Personal information
- Born: 22 September 1991 (age 34) Halifax, West Yorkshire, England

Playing information
- Height: 6 ft 1 in (1.85 m)
- Weight: 14 st 7 lb (92 kg)
- Position: Centre, Second-row
Club
| Years | Team | Pld | T | G | FG | P |
| 2010 | Bradford Bulls | 3 | 0 | 0 | 0 | 0 |
| 2011–16 | Huddersfield Giants | 143 | 64 | 0 | 0 | 256 |
| 2011(loan) | → Barrow Raiders | 3 | 1 | 0 | 0 | 4 |
| 2017 | Newcastle Knights | 17 | 4 | 0 | 0 | 16 |
| 2018–19 | Castleford Tigers | 18 | 1 | 0 | 0 | 4 |
| 2019(loan) | → Huddersfield Giants | 16 | 7 | 0 | 0 | 28 |
| 2020–21 | Huddersfield Giants | 13 | 2 | 0 | 0 | 8 |
| 2022–23 | Leigh Centurions | 38 | 10 | 0 | 0 | 40 |
| 2024 | Oldham | 14 | 3 | 0 | 0 | 12 |
|  | Total | 265 | 92 | 0 | 0 | 368 |
Representative
| Years | Team | Pld | T | G | FG | P |
| 2010–14 | Scotland | 6 | 1 | 0 | 0 | 4 |
- Source:
- Relatives: Jake Wardle (brother)

= Joe Wardle =

Scotland international rugby league footballer

Joe Wardle (born 22 September 1991) is a former Scotland international rugby league footballer who last played as a or forward and is currently assistant-coach for the Oldham RLFC in the RFL League 1.

He previously played for the Bradford Bulls, Huddersfield and the Castleford Tigers in the Super League, and the Newcastle Knights in the NRL. He spent time on loan from the Giants at the Barrow Raiders in the Championship in 2011. He has also spent time on loan from Castleford at Huddersfield in the Super League.

==Background==
Wardle was born in Halifax, West Yorkshire, England.

==Career==
===Bradford Bulls===
Wardle came through the ranks at Bradford Bulls after signing from Illingworth A.R.L.F.C.
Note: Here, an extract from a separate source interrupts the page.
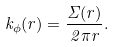<formula> <loc_0><loc_0><loc_500><loc_500>k _ { \phi } ( r ) = \frac { \Sigma ( r ) } { 2 \pi r } .</formula>

Wardle made his début for the Bradford Bulls against Warrington Wolves in the Challenge Cup in May 2010. He débuted in the Super League a week later against the Huddersfield Giants. He made his first start for the club in the next game against Crusaders RL, but suffered an injury which prevented him from establishing a regular place in the first team. He returned to play for the under-20's team after recovering from the injury, but suffered a torn quadriceps, which would keep him out of action for the rest of the season. In September 2010, he rejected a new contract from Bradford, and instead signed for the Huddersfield Giants.

===Huddersfield Giants===
In 2011, he spent time on loan at the Barrow Raiders. After performing well in the first half of the season, he was given a two-year contract extension, keeping him at the Galpharm Stadium until the end of 2014. In July 2013, he was rewarded with a further contract extension until 2017. He was named the 2014 Huddersfield Giants season's player of the year.

===Newcastle Knights===
During the 2016 season, Wardle signed a contract with National Rugby League side the Newcastle Knights, starting in 2018. However, he was able to gain a release in December to join the Newcastle Knights a year early ahead of the 2017 season, on a 3-year contract.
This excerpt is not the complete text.